Data records
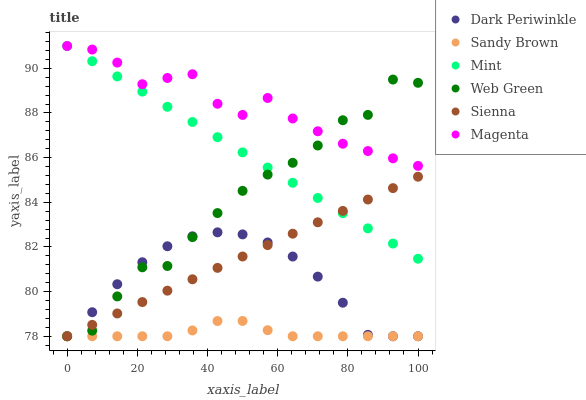Does Sandy Brown have the minimum area under the curve?
Answer yes or no. Yes. Does Magenta have the maximum area under the curve?
Answer yes or no. Yes. Does Web Green have the minimum area under the curve?
Answer yes or no. No. Does Web Green have the maximum area under the curve?
Answer yes or no. No. Is Sienna the smoothest?
Answer yes or no. Yes. Is Web Green the roughest?
Answer yes or no. Yes. Is Web Green the smoothest?
Answer yes or no. No. Is Sienna the roughest?
Answer yes or no. No. Does Sandy Brown have the lowest value?
Answer yes or no. Yes. Does Magenta have the lowest value?
Answer yes or no. No. Does Mint have the highest value?
Answer yes or no. Yes. Does Web Green have the highest value?
Answer yes or no. No. Is Sienna less than Magenta?
Answer yes or no. Yes. Is Magenta greater than Dark Periwinkle?
Answer yes or no. Yes. Does Web Green intersect Sienna?
Answer yes or no. Yes. Is Web Green less than Sienna?
Answer yes or no. No. Is Web Green greater than Sienna?
Answer yes or no. No. Does Sienna intersect Magenta?
Answer yes or no. No. 
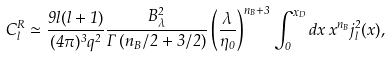<formula> <loc_0><loc_0><loc_500><loc_500>C _ { l } ^ { R } \simeq \frac { 9 l ( l + 1 ) } { ( 4 \pi ) ^ { 3 } q ^ { 2 } } \frac { B ^ { 2 } _ { \lambda } } { \Gamma \left ( n _ { B } / 2 + 3 / 2 \right ) } \left ( \frac { \lambda } { \eta _ { 0 } } \right ) ^ { n _ { B } + 3 } \int _ { 0 } ^ { x _ { D } } d x \, x ^ { n _ { B } } j ^ { 2 } _ { l } ( x ) ,</formula> 
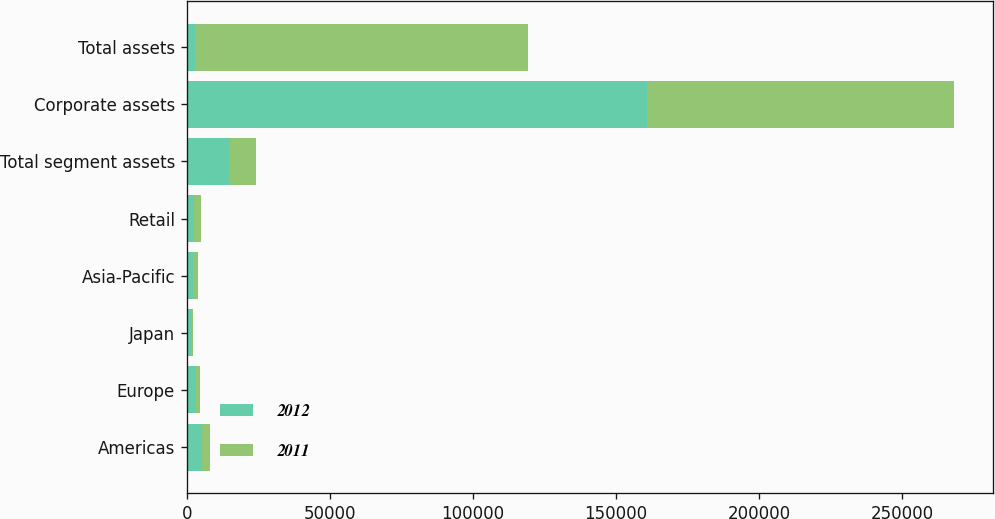Convert chart to OTSL. <chart><loc_0><loc_0><loc_500><loc_500><stacked_bar_chart><ecel><fcel>Americas<fcel>Europe<fcel>Japan<fcel>Asia-Pacific<fcel>Retail<fcel>Total segment assets<fcel>Corporate assets<fcel>Total assets<nl><fcel>2012<fcel>5525<fcel>3095<fcel>1698<fcel>2234<fcel>2725<fcel>15277<fcel>160787<fcel>2782<nl><fcel>2011<fcel>2782<fcel>1520<fcel>637<fcel>1710<fcel>2151<fcel>8800<fcel>107571<fcel>116371<nl></chart> 
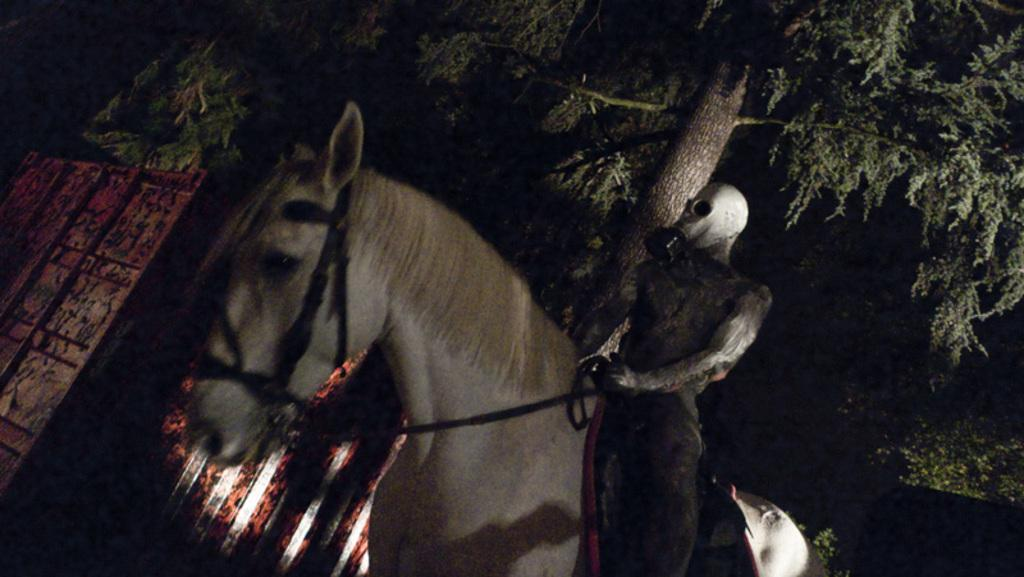What is the person in the image doing? There is a person sitting on a horse in the image. What is the person holding in their hand? The person is holding a rope in the image. What can be seen in the background of the image? There are trees visible in the background of the image. What type of marble is visible on the ground in the image? There is no marble visible on the ground in the image. What type of cable is being used by the person sitting on the horse in the image? There is no cable present in the image. 
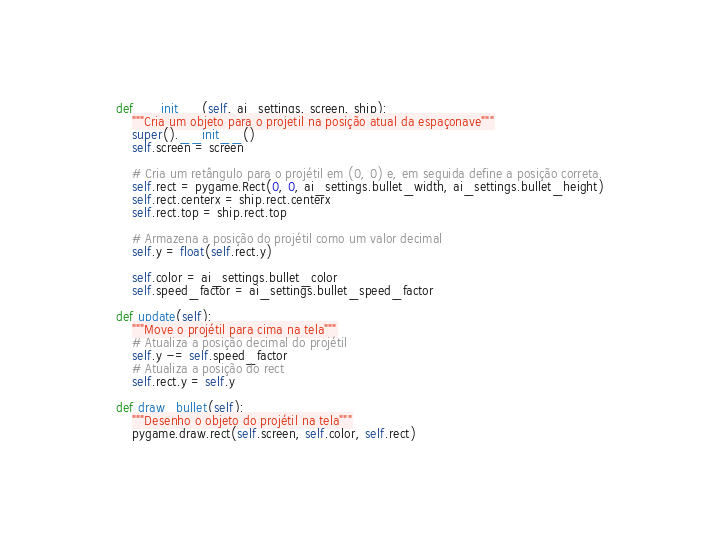Convert code to text. <code><loc_0><loc_0><loc_500><loc_500><_Python_>    def __init__(self, ai_settings, screen, ship):
        """Cria um objeto para o projetil na posição atual da espaçonave"""
        super().__init__()
        self.screen = screen

        # Cria um retângulo para o projétil em (0, 0) e, em seguida define a posição correta.
        self.rect = pygame.Rect(0, 0, ai_settings.bullet_width, ai_settings.bullet_height)
        self.rect.centerx = ship.rect.centerx
        self.rect.top = ship.rect.top

        # Armazena a posição do projétil como um valor decimal
        self.y = float(self.rect.y)

        self.color = ai_settings.bullet_color
        self.speed_factor = ai_settings.bullet_speed_factor

    def update(self):
        """Move o projétil para cima na tela"""
        # Atualiza a posição decimal do projétil
        self.y -= self.speed_factor
        # Atualiza a posição do rect
        self.rect.y = self.y

    def draw_bullet(self):
        """Desenho o objeto do projétil na tela"""
        pygame.draw.rect(self.screen, self.color, self.rect)







</code> 
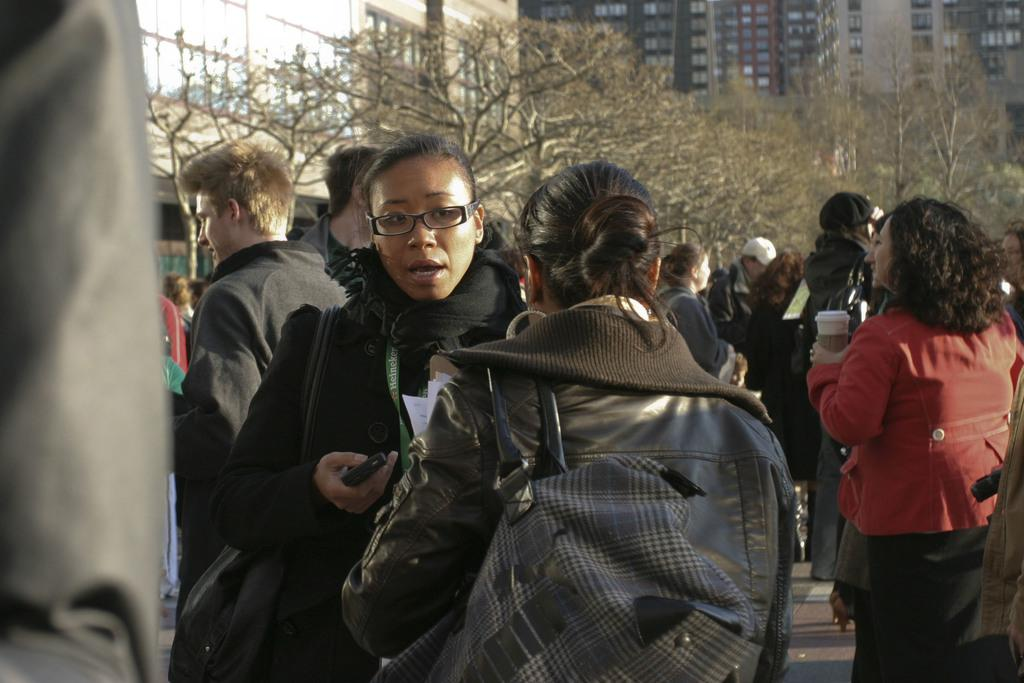What can be seen on the surface in the image? There are people standing on the surface in the image. What type of vegetation is visible in the image? There are trees visible in the image. What structures can be seen in the background of the image? There are buildings in the background of some kind in the background of the image. What type of skin condition can be seen on the people in the image? There is no indication of any skin condition on the people in the image. What type of soda is being served at the event in the image? There is: There is no event or soda present in the image. How many crows are visible in the image? There are no crows present in the image. 
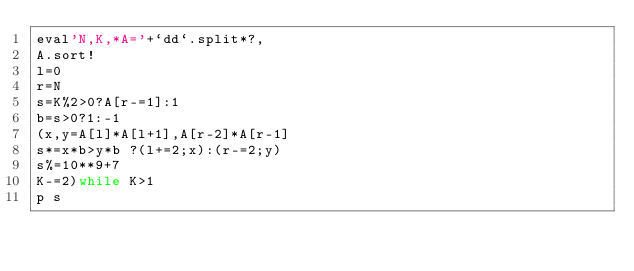<code> <loc_0><loc_0><loc_500><loc_500><_Ruby_>eval'N,K,*A='+`dd`.split*?,
A.sort!
l=0
r=N
s=K%2>0?A[r-=1]:1
b=s>0?1:-1
(x,y=A[l]*A[l+1],A[r-2]*A[r-1]
s*=x*b>y*b ?(l+=2;x):(r-=2;y)
s%=10**9+7
K-=2)while K>1
p s</code> 
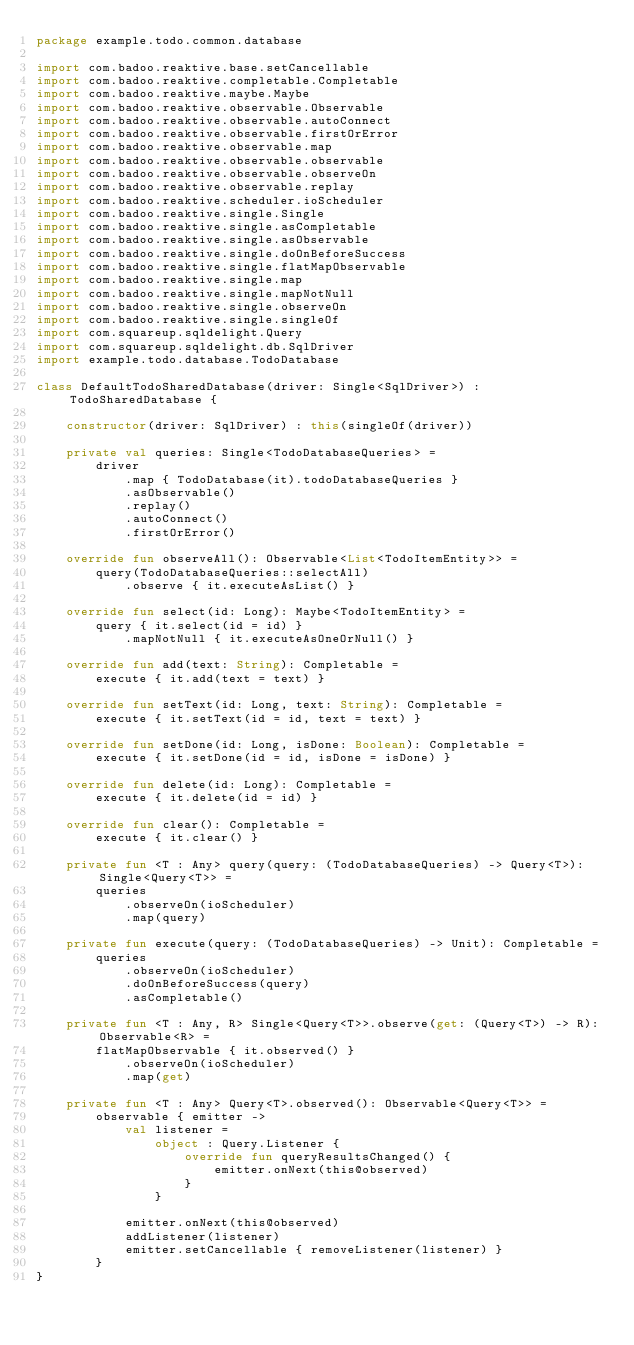<code> <loc_0><loc_0><loc_500><loc_500><_Kotlin_>package example.todo.common.database

import com.badoo.reaktive.base.setCancellable
import com.badoo.reaktive.completable.Completable
import com.badoo.reaktive.maybe.Maybe
import com.badoo.reaktive.observable.Observable
import com.badoo.reaktive.observable.autoConnect
import com.badoo.reaktive.observable.firstOrError
import com.badoo.reaktive.observable.map
import com.badoo.reaktive.observable.observable
import com.badoo.reaktive.observable.observeOn
import com.badoo.reaktive.observable.replay
import com.badoo.reaktive.scheduler.ioScheduler
import com.badoo.reaktive.single.Single
import com.badoo.reaktive.single.asCompletable
import com.badoo.reaktive.single.asObservable
import com.badoo.reaktive.single.doOnBeforeSuccess
import com.badoo.reaktive.single.flatMapObservable
import com.badoo.reaktive.single.map
import com.badoo.reaktive.single.mapNotNull
import com.badoo.reaktive.single.observeOn
import com.badoo.reaktive.single.singleOf
import com.squareup.sqldelight.Query
import com.squareup.sqldelight.db.SqlDriver
import example.todo.database.TodoDatabase

class DefaultTodoSharedDatabase(driver: Single<SqlDriver>) : TodoSharedDatabase {

    constructor(driver: SqlDriver) : this(singleOf(driver))

    private val queries: Single<TodoDatabaseQueries> =
        driver
            .map { TodoDatabase(it).todoDatabaseQueries }
            .asObservable()
            .replay()
            .autoConnect()
            .firstOrError()

    override fun observeAll(): Observable<List<TodoItemEntity>> =
        query(TodoDatabaseQueries::selectAll)
            .observe { it.executeAsList() }

    override fun select(id: Long): Maybe<TodoItemEntity> =
        query { it.select(id = id) }
            .mapNotNull { it.executeAsOneOrNull() }

    override fun add(text: String): Completable =
        execute { it.add(text = text) }

    override fun setText(id: Long, text: String): Completable =
        execute { it.setText(id = id, text = text) }

    override fun setDone(id: Long, isDone: Boolean): Completable =
        execute { it.setDone(id = id, isDone = isDone) }

    override fun delete(id: Long): Completable =
        execute { it.delete(id = id) }

    override fun clear(): Completable =
        execute { it.clear() }

    private fun <T : Any> query(query: (TodoDatabaseQueries) -> Query<T>): Single<Query<T>> =
        queries
            .observeOn(ioScheduler)
            .map(query)

    private fun execute(query: (TodoDatabaseQueries) -> Unit): Completable =
        queries
            .observeOn(ioScheduler)
            .doOnBeforeSuccess(query)
            .asCompletable()

    private fun <T : Any, R> Single<Query<T>>.observe(get: (Query<T>) -> R): Observable<R> =
        flatMapObservable { it.observed() }
            .observeOn(ioScheduler)
            .map(get)

    private fun <T : Any> Query<T>.observed(): Observable<Query<T>> =
        observable { emitter ->
            val listener =
                object : Query.Listener {
                    override fun queryResultsChanged() {
                        emitter.onNext(this@observed)
                    }
                }

            emitter.onNext(this@observed)
            addListener(listener)
            emitter.setCancellable { removeListener(listener) }
        }
}
</code> 
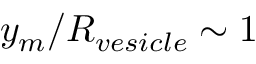Convert formula to latex. <formula><loc_0><loc_0><loc_500><loc_500>y _ { m } / R _ { v e s i c l e } \sim 1</formula>

TASK TO CARRY OUT = Check each line above for the word "posição", and give only the number of lines that contain it.

SOLUTION TO THE PROBLEM = 5